Data extracted from a collection
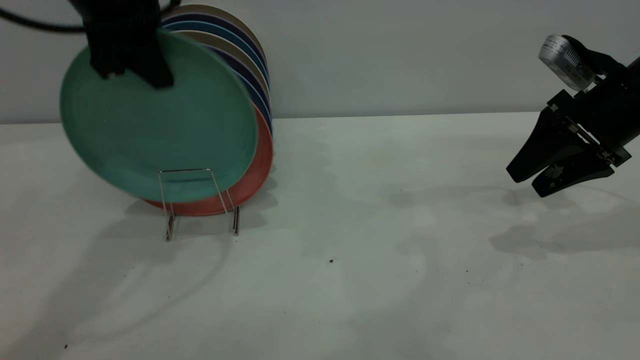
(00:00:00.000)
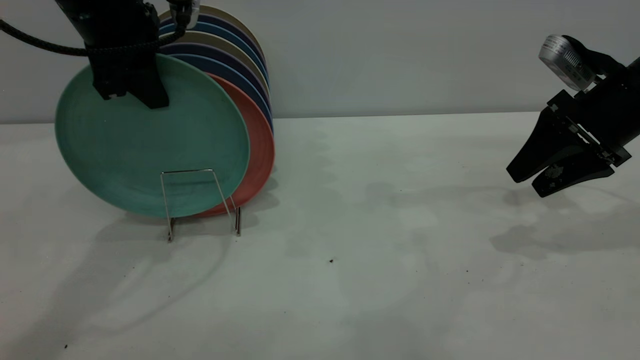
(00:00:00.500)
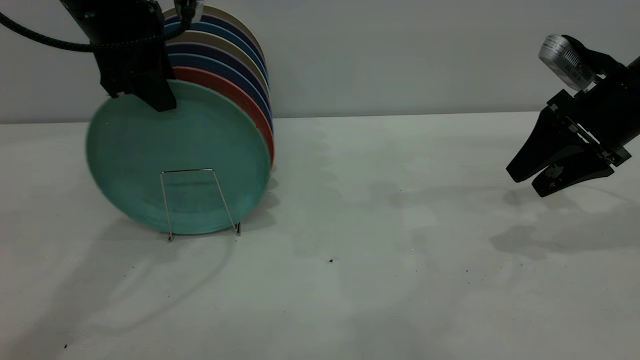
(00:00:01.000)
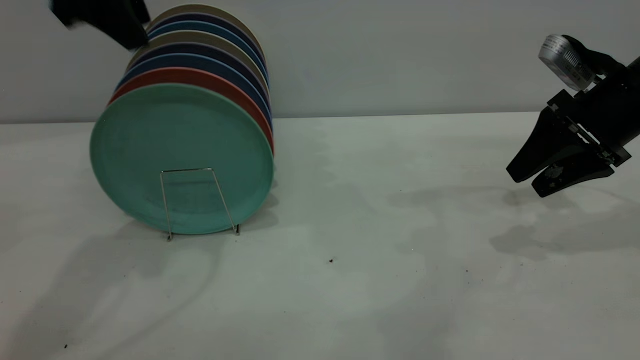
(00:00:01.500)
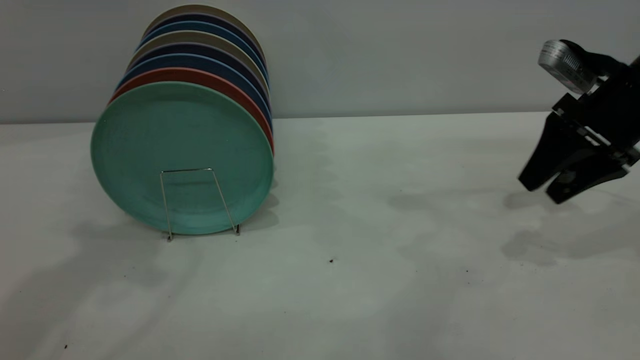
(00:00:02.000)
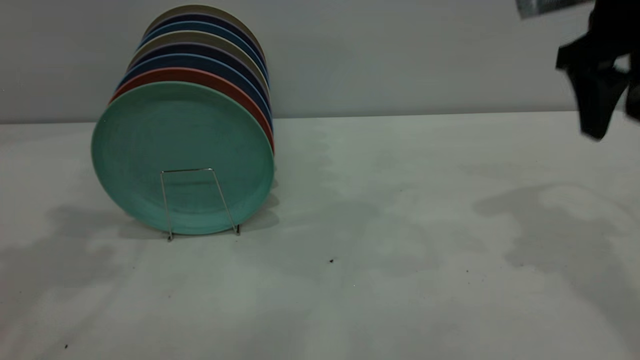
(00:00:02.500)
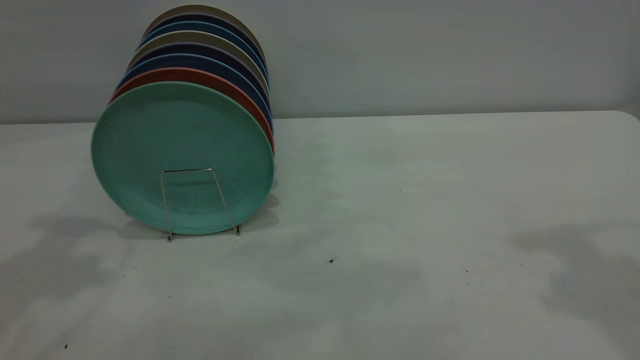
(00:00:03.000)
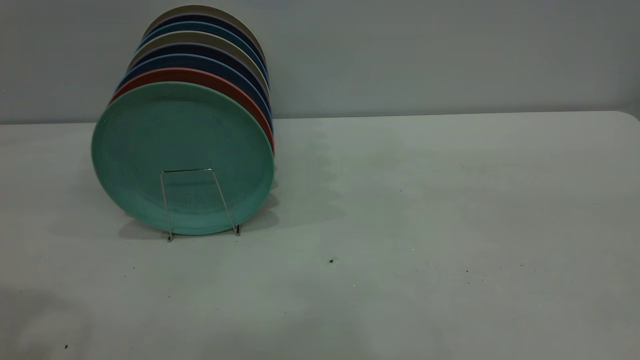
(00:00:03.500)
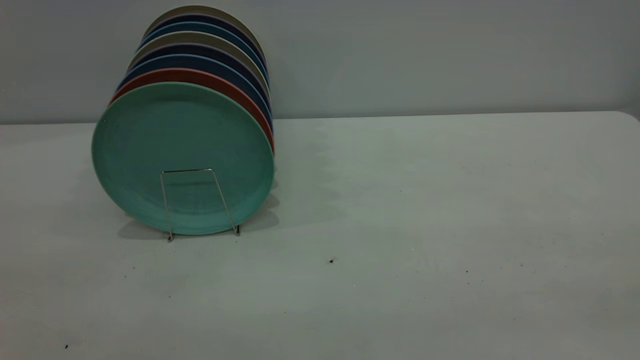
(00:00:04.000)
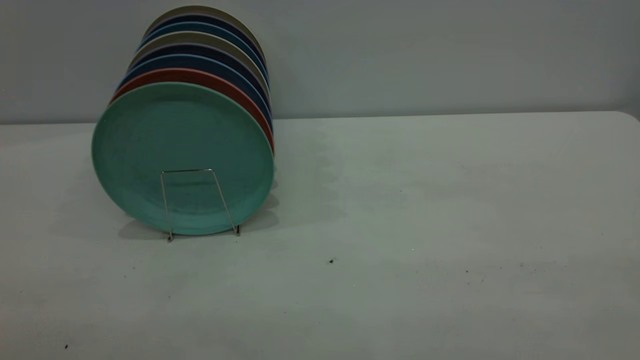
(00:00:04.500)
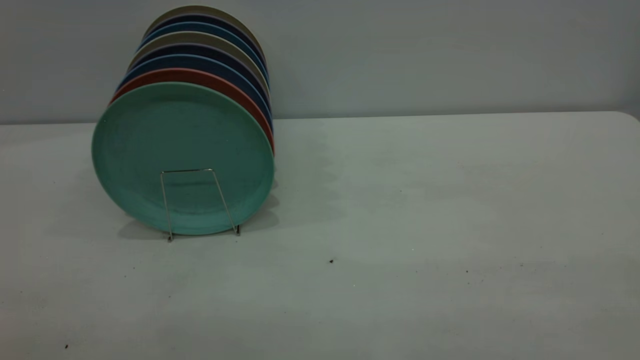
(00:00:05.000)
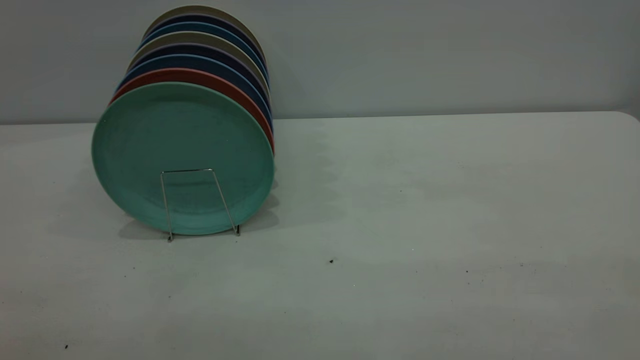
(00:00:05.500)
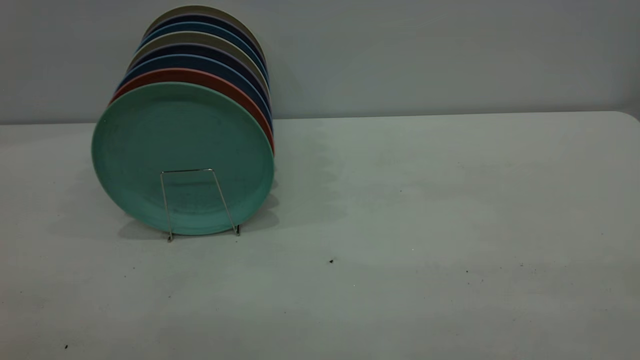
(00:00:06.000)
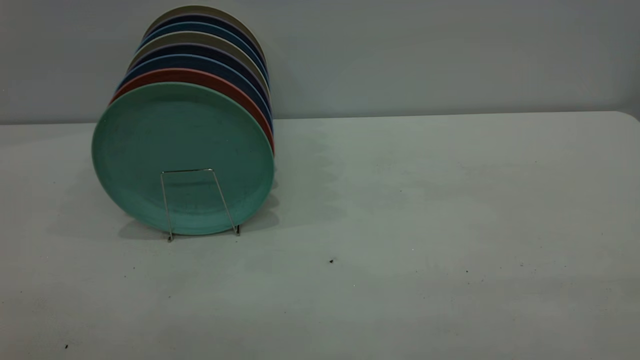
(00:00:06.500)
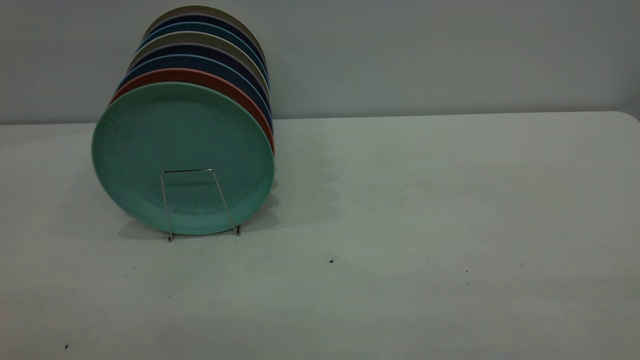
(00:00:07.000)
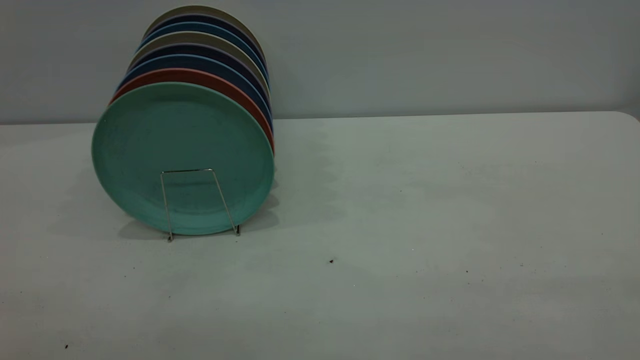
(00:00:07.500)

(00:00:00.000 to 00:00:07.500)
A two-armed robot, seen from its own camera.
Task of the whole recording: the right gripper grasp the green plate, the right gripper pass the green plate to the left gripper, and the left gripper place the green plate on the plate rack.
00:00:00.000 - 00:00:02.000: The left gripper heads upward and backward, covering roughly 15 cm, and opens.
00:00:02.000 - 00:00:04.000: The right gripper shifts roughly 40 cm backward and upward.

EXERCISE DETAILS:
Output the data exactly. Pictures don't belong in the result.

ANSWER SPACE:
(00:00:00.000)
(00:00:00.500)
(00:00:01.000)
(00:00:01.500)
(00:00:02.000)
(00:00:02.500)
(00:00:03.000)
(00:00:03.500)
(00:00:04.000)
(00:00:04.500)
(00:00:05.000)
(00:00:05.500)
(00:00:06.000)
(00:00:06.500)
(00:00:07.000)
(00:00:07.500)

(00:00:00.000 to 00:00:07.500)
A two-armed robot, seen from its own camera.
Task of the whole recording: the right gripper grasp the green plate, the right gripper pass the green plate to the left gripper, and the left gripper place the green plate on the plate rack.
00:00:00.000 - 00:00:02.000: The left gripper heads upward and backward, covering roughly 15 cm, and opens.
00:00:02.000 - 00:00:04.000: The right gripper shifts roughly 40 cm backward and upward.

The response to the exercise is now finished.